One-night lovers (Joel Rodriguez and Abby Dillion) struggle to keep the flame burning. (Jan Ellen Graves)Then there’s the ineffectual contrivance of the young couple: the rather petulant girl Ellie (Abby Dillion), Roberta’s granddaughter, and Ellie’s one-night stand, a paraplegic (Joel Rodriguez) who wants to pursue the relationship but is rebuffed the morning after by his temperamental paramour.

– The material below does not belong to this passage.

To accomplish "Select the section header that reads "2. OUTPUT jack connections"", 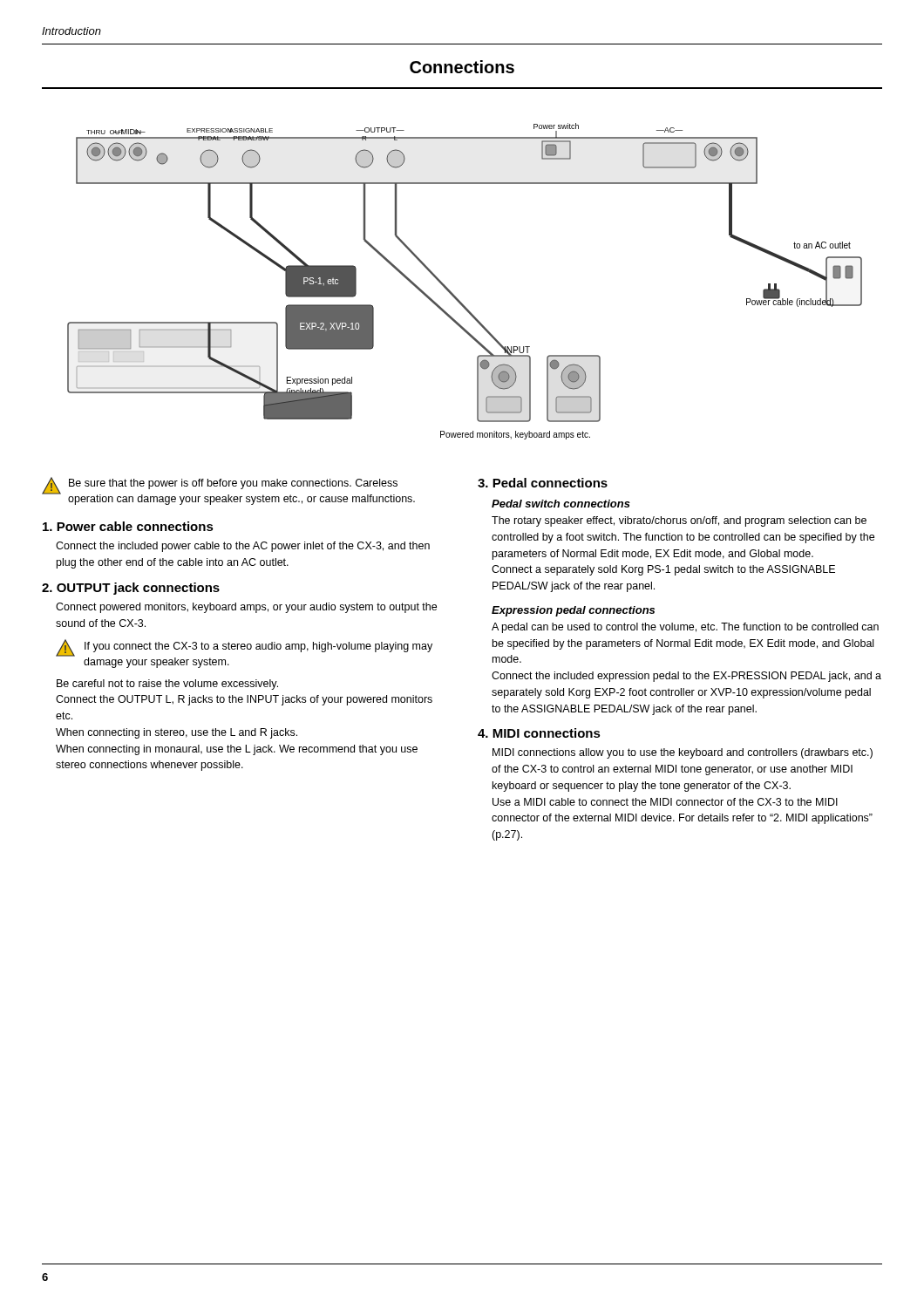I will (x=131, y=589).
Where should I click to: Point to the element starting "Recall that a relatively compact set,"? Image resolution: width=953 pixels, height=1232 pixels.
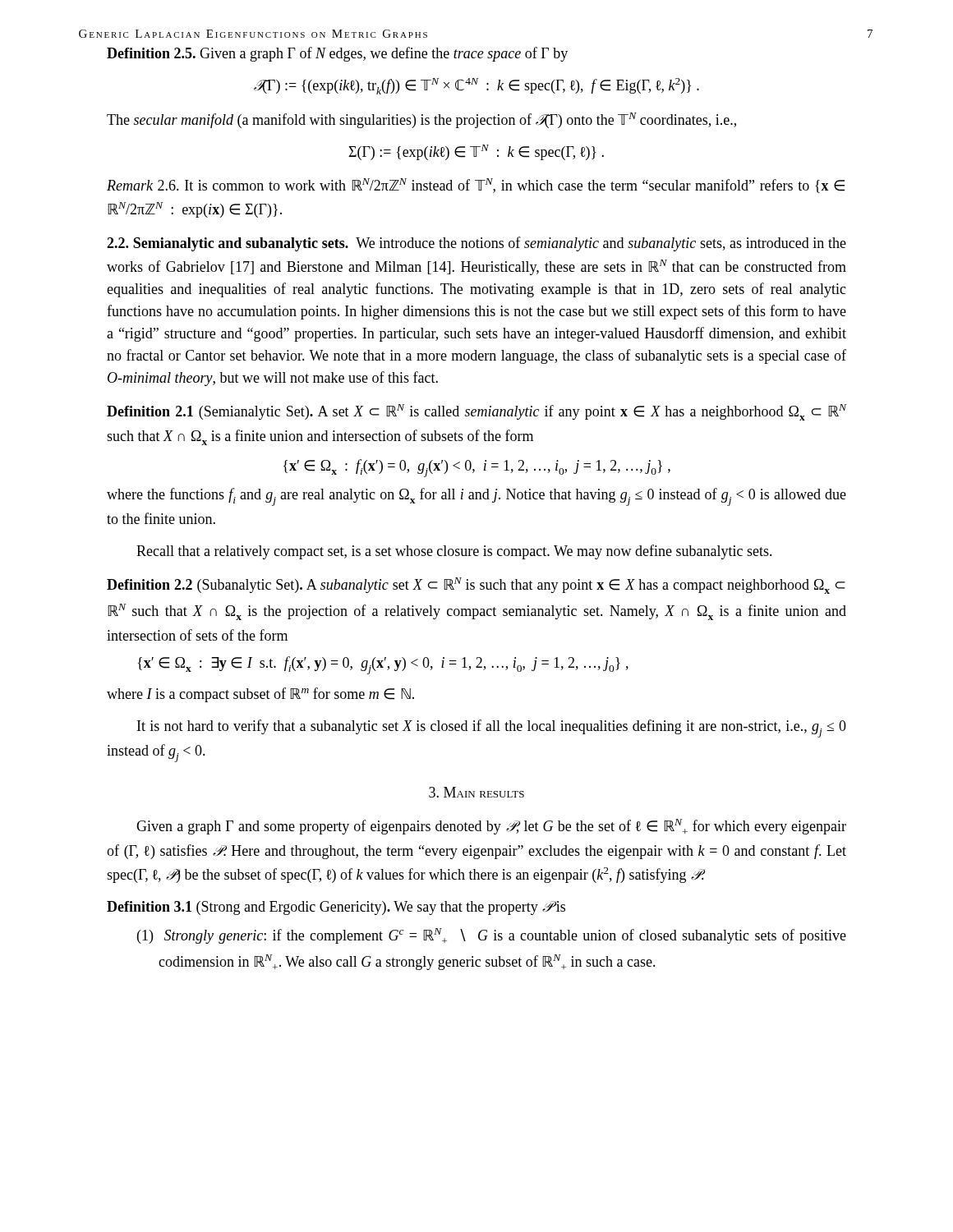[476, 552]
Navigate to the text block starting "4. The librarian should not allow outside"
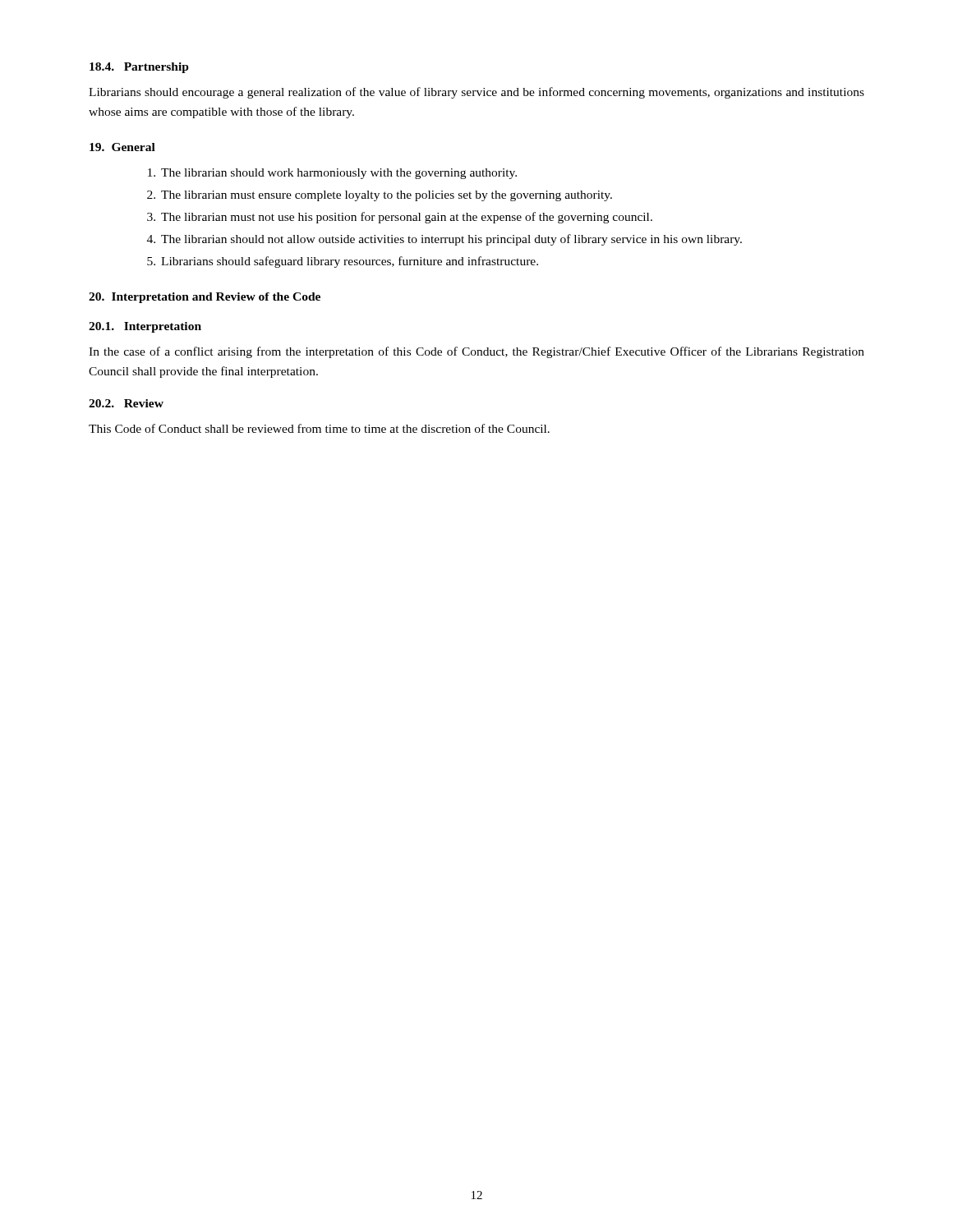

Between our straw lovers, dialogue bottoms out. Probability takes a beating, as well, when these fleeting acquaintances end up…but I won’t spoil that. I will say that the playwright commits a fairly egregious oversight with regard to Ellie, who describes herself in decisive terms as a bad person – though we see not a shred of evidence for this harsh self-rebuke. She smokes. There is that. And she lies about it. In the end – or perhaps the beginning, in Roberta’s transmigratory case – Ellie also sees the light, and implausibility soars to new heights.

Even Roberta’s husband, that old skeptic, comes around for a proper send-off.

But just think of it: an eternity of whipped cream and maraschino cherries. Deep stuff.